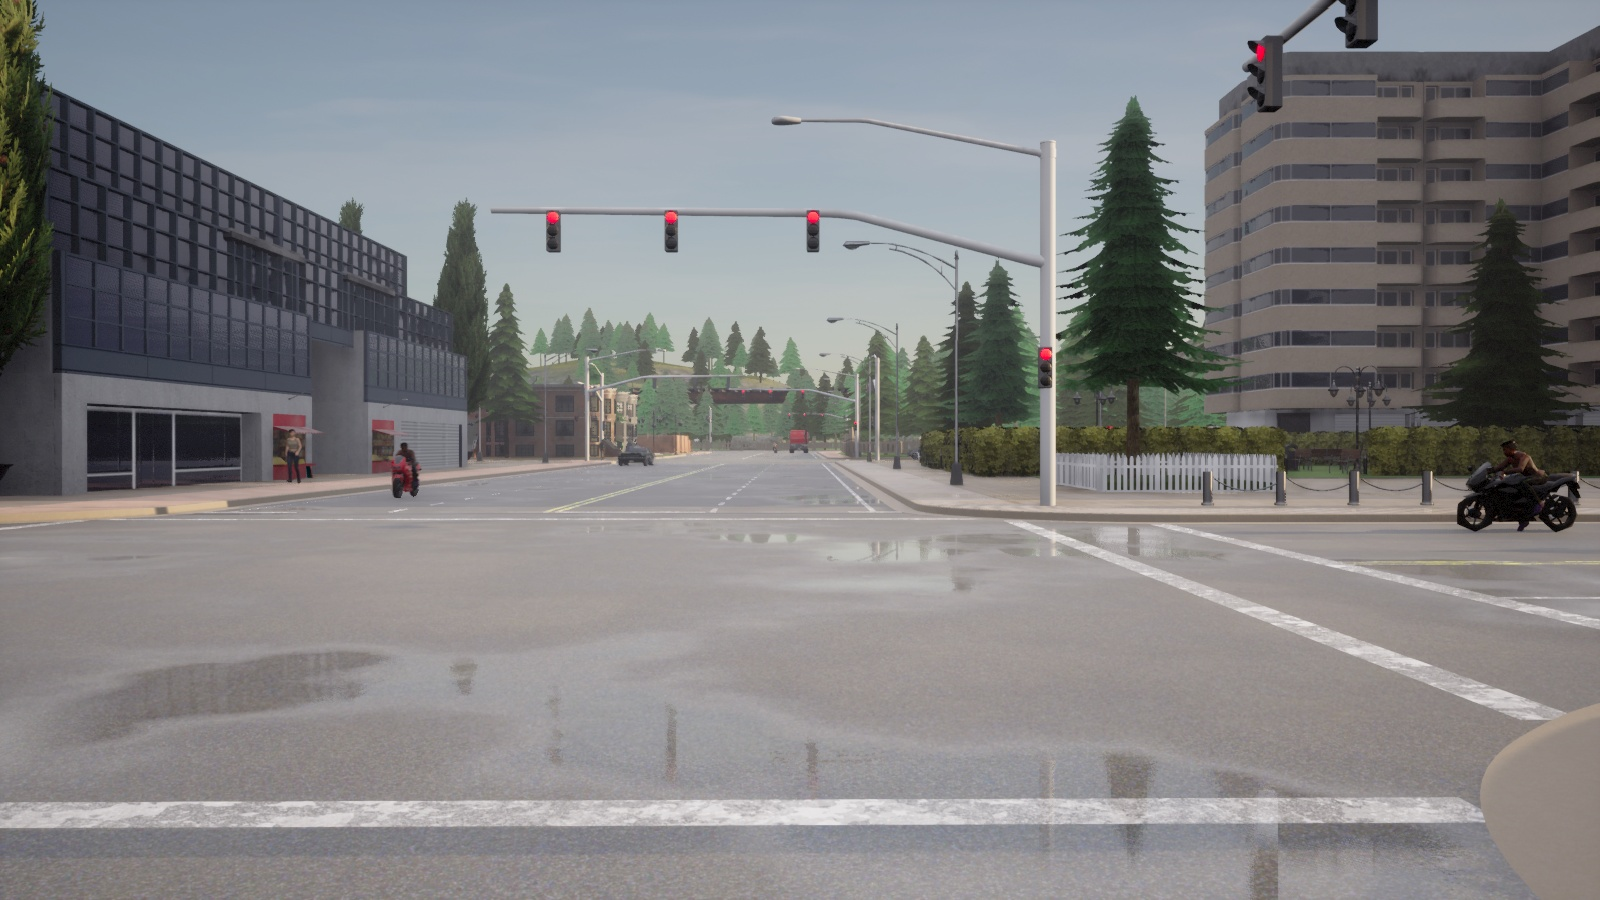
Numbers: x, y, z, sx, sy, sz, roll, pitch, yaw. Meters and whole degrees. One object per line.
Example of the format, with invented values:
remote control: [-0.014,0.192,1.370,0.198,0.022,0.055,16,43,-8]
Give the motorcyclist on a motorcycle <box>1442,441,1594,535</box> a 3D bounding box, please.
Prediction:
motorcyclist on a motorcycle: [11.870,0.621,20.800,2.044,1.523,0.797,0,0,0]

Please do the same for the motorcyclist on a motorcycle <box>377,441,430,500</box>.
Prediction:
motorcyclist on a motorcycle: [-10.670,0.529,33.887,0.797,1.523,2.044,0,0,0]

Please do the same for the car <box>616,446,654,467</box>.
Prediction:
car: [-10.665,0.378,81.496,1.895,1.301,4.718,0,0,0]

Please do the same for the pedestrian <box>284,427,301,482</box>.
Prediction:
pedestrian: [-17.006,0.154,42.083,0.345,1.836,0.594,0,0,-2]
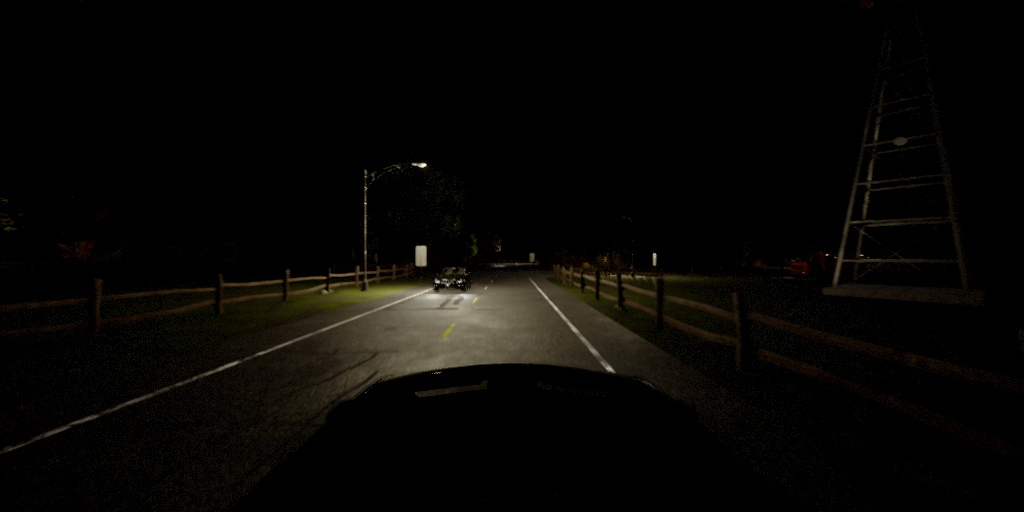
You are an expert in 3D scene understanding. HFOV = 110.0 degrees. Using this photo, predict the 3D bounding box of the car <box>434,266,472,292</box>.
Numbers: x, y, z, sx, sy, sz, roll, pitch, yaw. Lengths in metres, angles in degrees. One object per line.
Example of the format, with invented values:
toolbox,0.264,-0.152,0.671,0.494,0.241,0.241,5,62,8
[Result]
car,-3.585,1.403,22.444,1.837,1.490,4.892,0,-1,0
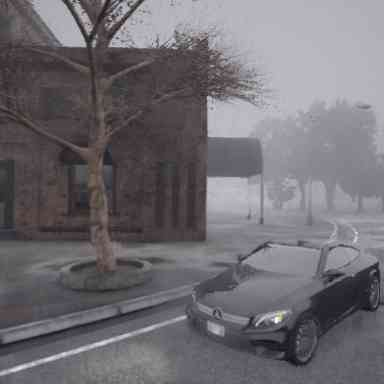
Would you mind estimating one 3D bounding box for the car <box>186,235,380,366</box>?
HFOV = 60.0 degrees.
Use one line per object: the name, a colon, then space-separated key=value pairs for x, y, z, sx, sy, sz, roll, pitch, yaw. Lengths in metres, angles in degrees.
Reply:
car: x=1.961 y=1.574 z=6.095 sx=1.812 sy=1.442 sz=4.674 roll=0 pitch=0 yaw=45
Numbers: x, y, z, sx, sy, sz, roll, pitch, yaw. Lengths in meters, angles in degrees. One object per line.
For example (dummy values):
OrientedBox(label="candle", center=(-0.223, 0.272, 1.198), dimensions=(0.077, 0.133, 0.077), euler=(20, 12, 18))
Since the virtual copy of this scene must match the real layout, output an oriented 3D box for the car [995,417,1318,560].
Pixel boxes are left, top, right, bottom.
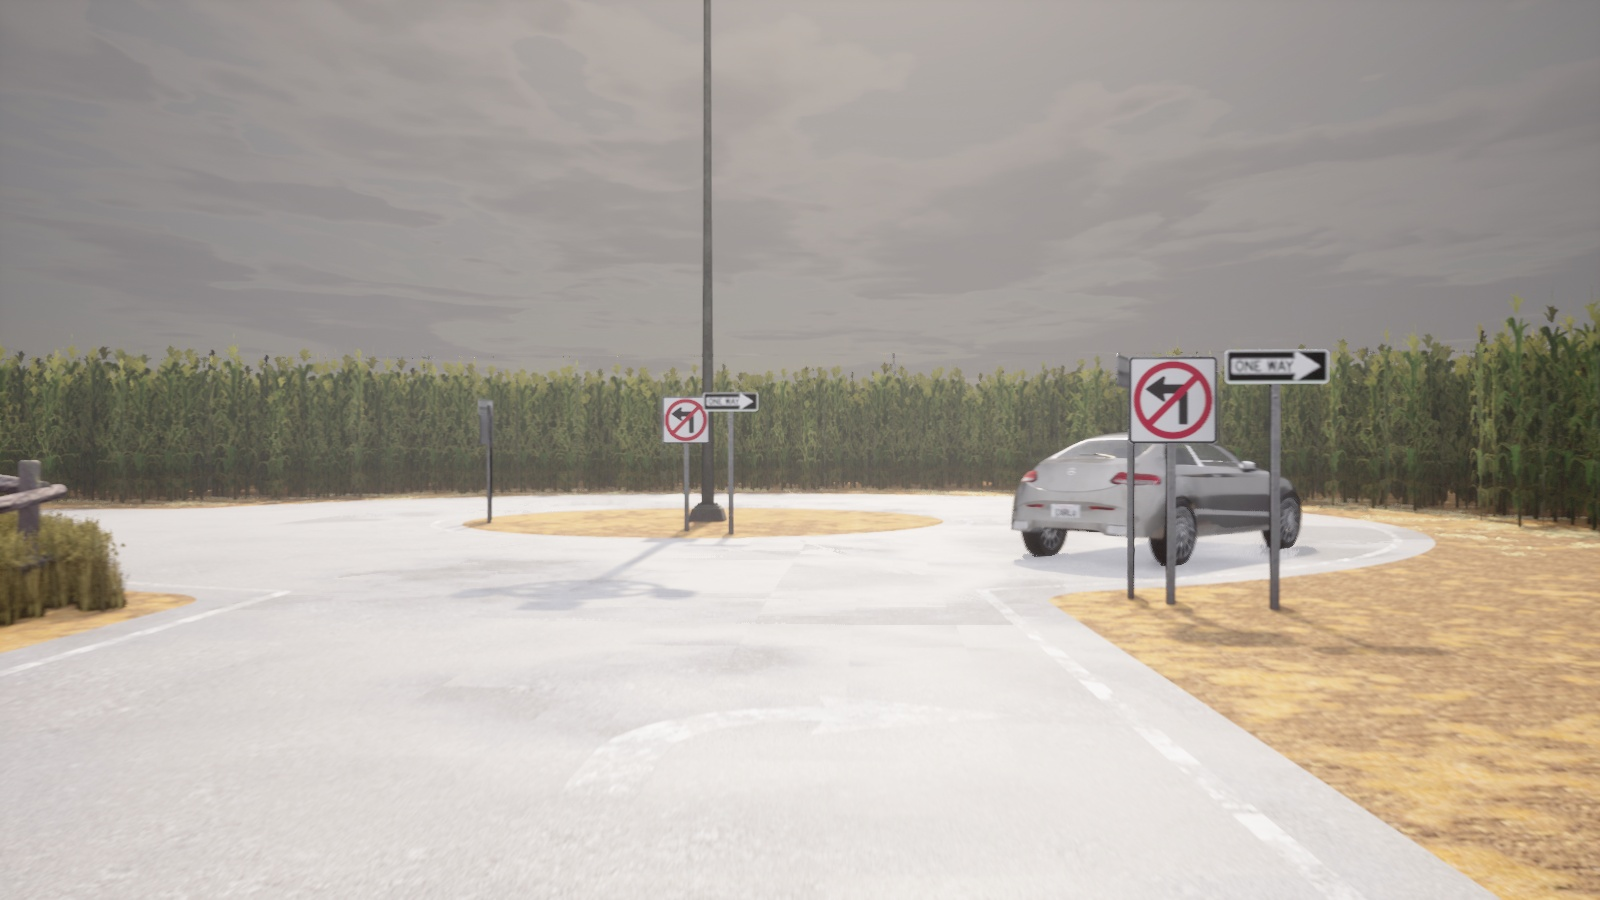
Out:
OrientedBox(label="car", center=(4.979, 0.433, 17.039), dimensions=(2.152, 1.651, 5.027), euler=(0, 0, 43))
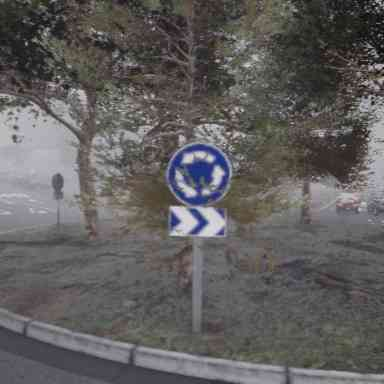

++++

Work instructions:
Take the lines above from the top of the records through the one with "For example (dummy" and repeat them exactly, without any pictures.

Expected answer:
Numbers: x, y, z, sx, sy, sz, roll, pitch, yaw. Meters and whole degrees. One object per line.
Example of the format, with invented values:
remote control: [-0.014,0.192,1.370,0.198,0.022,0.055,16,43,-8]
Give the motorcyclist on a motorcycle <box>1442,441,1594,535</box> a 3D bounding box, please.
Prediction:
motorcyclist on a motorcycle: [11.870,0.621,20.800,2.044,1.523,0.797,0,0,0]

Please do the same for the motorcyclist on a motorcycle <box>377,441,430,500</box>.
Prediction:
motorcyclist on a motorcycle: [-10.670,0.529,33.887,0.797,1.523,2.044,0,0,0]

Please do the same for the car <box>616,446,654,467</box>.
Prediction:
car: [-10.665,0.378,81.496,1.895,1.301,4.718,0,0,0]

Please do the same for the pedestrian <box>284,427,301,482</box>.
Prediction:
pedestrian: [-17.006,0.154,42.083,0.345,1.836,0.594,0,0,-2]
You are an expert in 3D scene understanding. HFOV = 110.0 degrees. Using this photo, predict the 3D bounding box of the car <box>434,266,472,292</box>.
Numbers: x, y, z, sx, sy, sz, roll, pitch, yaw. Lengths in metres, angles in degrees. One object per line.
Example of the format, with invented values:
toolbox,0.264,-0.152,0.671,0.494,0.241,0.241,5,62,8
[Result]
car,-3.585,1.403,22.444,1.837,1.490,4.892,0,-1,0
Would you mind estimating one 3D bounding box for the car <box>186,235,380,366</box>?
HFOV = 60.0 degrees.
Use one line per object: the name, a colon, then space-separated key=value pairs for x, y, z, sx, sy, sz, roll, pitch, yaw. Lengths in metres, angles in degrees.
Reply:
car: x=1.961 y=1.574 z=6.095 sx=1.812 sy=1.442 sz=4.674 roll=0 pitch=0 yaw=45
Numbers: x, y, z, sx, sy, sz, roll, pitch, yaw. Lengths in meters, angles in degrees. One object per line.
For example (dummy values):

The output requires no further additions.